In your copy, include every line of the records exactly and no picture at all.

SUPPLIED MATERIAL |

= = = = =

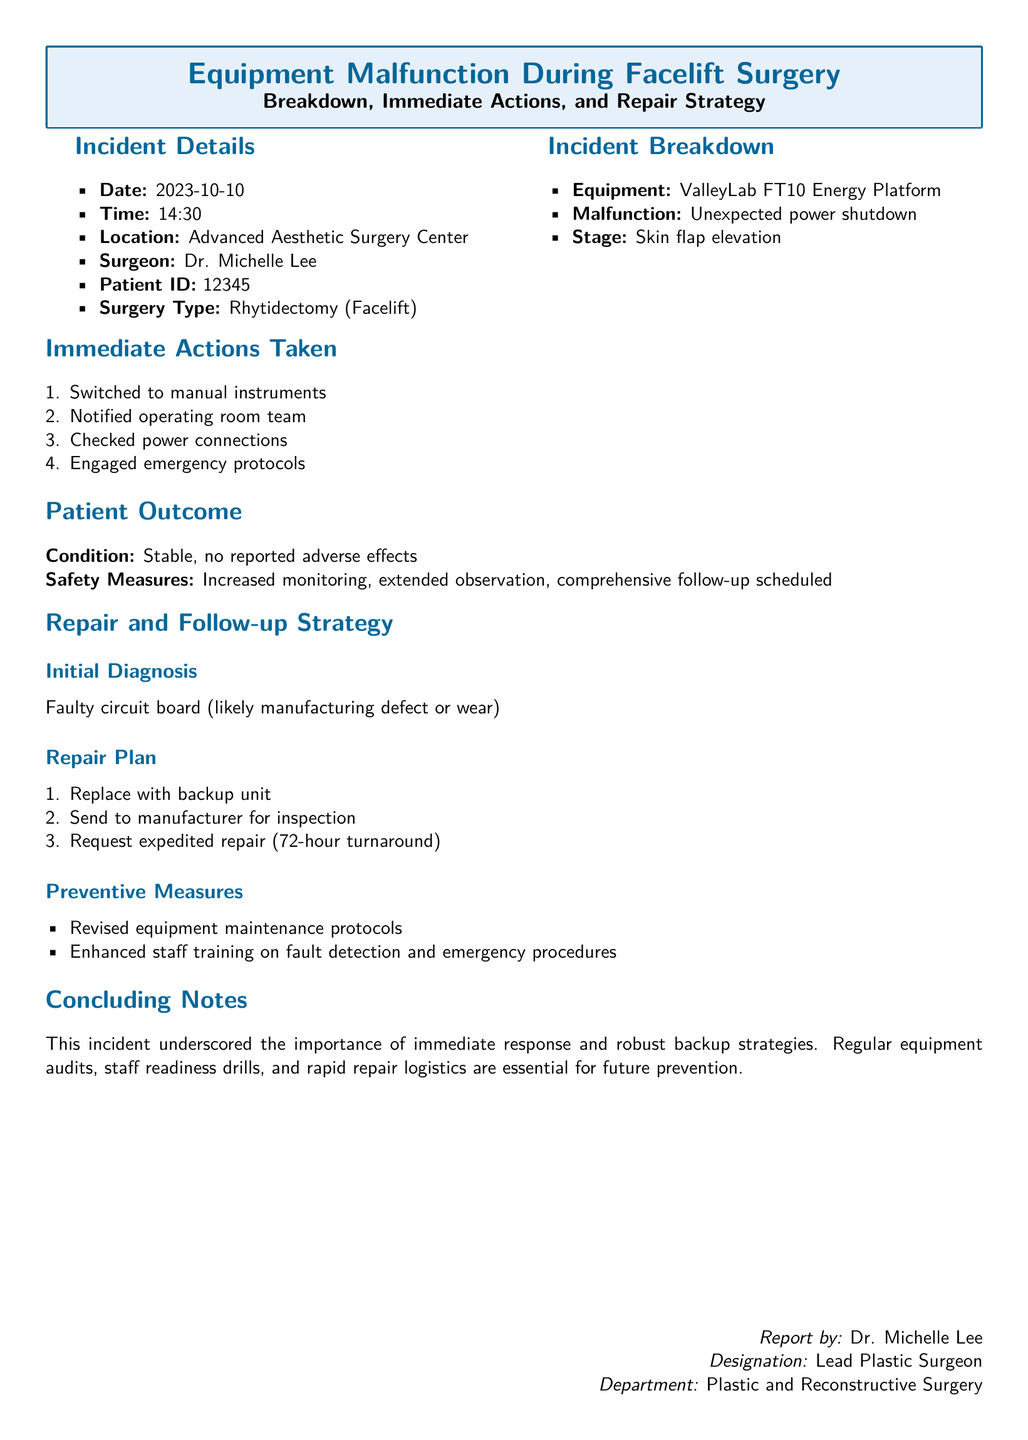What was the date of the incident? The incident occurred on October 10, 2023, which is indicated in the incident details.
Answer: 2023-10-10 What type of surgery was performed? The type of surgery mentioned in the document is Rhytidectomy, commonly known as a facelift.
Answer: Rhytidectomy (Facelift) What equipment malfunctioned during the surgery? The equipment that malfunctioned is specified as the ValleyLab FT10 Energy Platform.
Answer: ValleyLab FT10 Energy Platform What immediate action was taken after the equipment failed? The first immediate action mentioned was switching to manual instruments.
Answer: Switched to manual instruments What was the patient's condition after the incident? The document states that the patient's condition was stable with no reported adverse effects.
Answer: Stable, no reported adverse effects What can be inferred about the repair strategy for the malfunction? The repair strategy includes replacing the unit with a backup, indicating a proactive approach to equipment issues.
Answer: Replace with backup unit How long is the turnaround time for the expedited repair? The document specifies that the requested expedited repair has a turnaround time of 72 hours.
Answer: 72-hour turnaround What preventive measures were recommended after the incident? The document outlines revised equipment maintenance protocols as one of the preventive measures.
Answer: Revised equipment maintenance protocols 
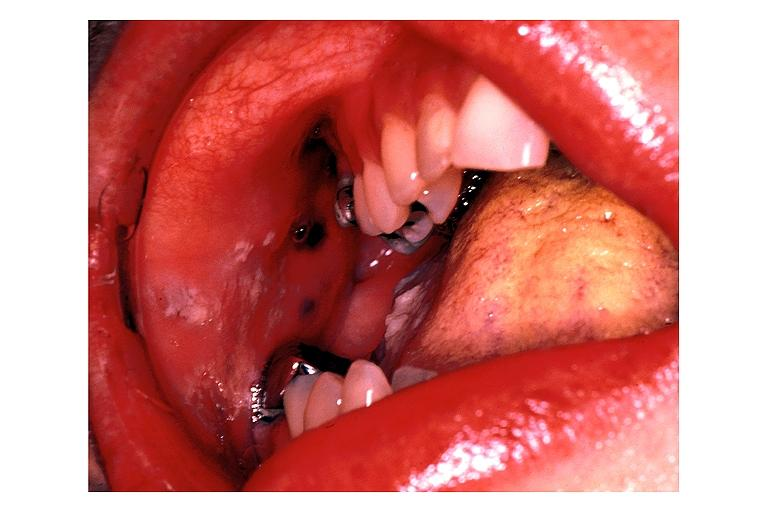where is this?
Answer the question using a single word or phrase. Oral 
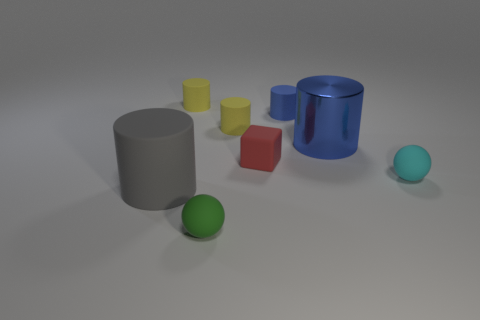Is the number of small objects that are on the right side of the cyan matte thing less than the number of red matte things?
Offer a terse response. Yes. Are there any tiny cyan matte objects on the right side of the red matte cube?
Offer a very short reply. Yes. Is there a large metal object of the same shape as the small cyan object?
Your answer should be compact. No. There is a cyan matte object that is the same size as the cube; what is its shape?
Give a very brief answer. Sphere. How many objects are either tiny spheres that are on the left side of the shiny cylinder or small rubber things?
Your response must be concise. 6. What is the size of the cylinder that is in front of the cyan matte sphere?
Make the answer very short. Large. Is there a gray cylinder that has the same size as the blue shiny cylinder?
Offer a terse response. Yes. Do the blue cylinder that is to the left of the metallic cylinder and the large rubber cylinder have the same size?
Your answer should be very brief. No. The green matte thing has what size?
Your response must be concise. Small. There is a sphere left of the large cylinder that is right of the tiny matte cylinder in front of the tiny blue matte object; what color is it?
Give a very brief answer. Green. 
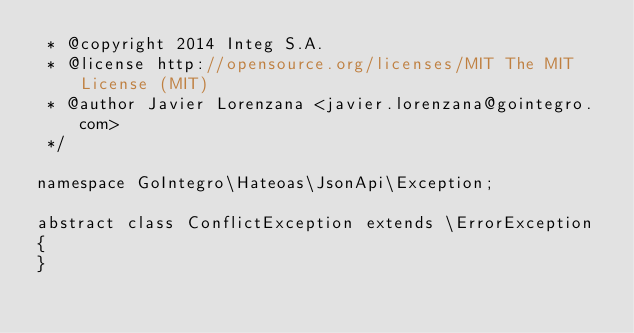Convert code to text. <code><loc_0><loc_0><loc_500><loc_500><_PHP_> * @copyright 2014 Integ S.A.
 * @license http://opensource.org/licenses/MIT The MIT License (MIT)
 * @author Javier Lorenzana <javier.lorenzana@gointegro.com>
 */

namespace GoIntegro\Hateoas\JsonApi\Exception;

abstract class ConflictException extends \ErrorException
{
}
</code>

= = = = =

RESULT |
What was the date of the incident? The incident occurred on October 10, 2023, which is indicated in the incident details.
Answer: 2023-10-10 What type of surgery was performed? The type of surgery mentioned in the document is Rhytidectomy, commonly known as a facelift.
Answer: Rhytidectomy (Facelift) What equipment malfunctioned during the surgery? The equipment that malfunctioned is specified as the ValleyLab FT10 Energy Platform.
Answer: ValleyLab FT10 Energy Platform What immediate action was taken after the equipment failed? The first immediate action mentioned was switching to manual instruments.
Answer: Switched to manual instruments What was the patient's condition after the incident? The document states that the patient's condition was stable with no reported adverse effects.
Answer: Stable, no reported adverse effects What can be inferred about the repair strategy for the malfunction? The repair strategy includes replacing the unit with a backup, indicating a proactive approach to equipment issues.
Answer: Replace with backup unit How long is the turnaround time for the expedited repair? The document specifies that the requested expedited repair has a turnaround time of 72 hours.
Answer: 72-hour turnaround What preventive measures were recommended after the incident? The document outlines revised equipment maintenance protocols as one of the preventive measures.
Answer: Revised equipment maintenance protocols 
where is this?
Answer the question using a single word or phrase. Oral 
Is the number of small objects that are on the right side of the cyan matte thing less than the number of red matte things?
Offer a terse response. Yes. Are there any tiny cyan matte objects on the right side of the red matte cube?
Offer a very short reply. Yes. Is there a large metal object of the same shape as the small cyan object?
Your answer should be compact. No. There is a cyan matte object that is the same size as the cube; what is its shape?
Give a very brief answer. Sphere. How many objects are either tiny spheres that are on the left side of the shiny cylinder or small rubber things?
Your response must be concise. 6. What is the size of the cylinder that is in front of the cyan matte sphere?
Make the answer very short. Large. Is there a gray cylinder that has the same size as the blue shiny cylinder?
Offer a terse response. Yes. Do the blue cylinder that is to the left of the metallic cylinder and the large rubber cylinder have the same size?
Your answer should be very brief. No. The green matte thing has what size?
Your response must be concise. Small. There is a sphere left of the large cylinder that is right of the tiny matte cylinder in front of the tiny blue matte object; what color is it?
Give a very brief answer. Green. 
Convert code to text. <code><loc_0><loc_0><loc_500><loc_500><_PHP_> * @copyright 2014 Integ S.A.
 * @license http://opensource.org/licenses/MIT The MIT License (MIT)
 * @author Javier Lorenzana <javier.lorenzana@gointegro.com>
 */

namespace GoIntegro\Hateoas\JsonApi\Exception;

abstract class ConflictException extends \ErrorException
{
}
</code>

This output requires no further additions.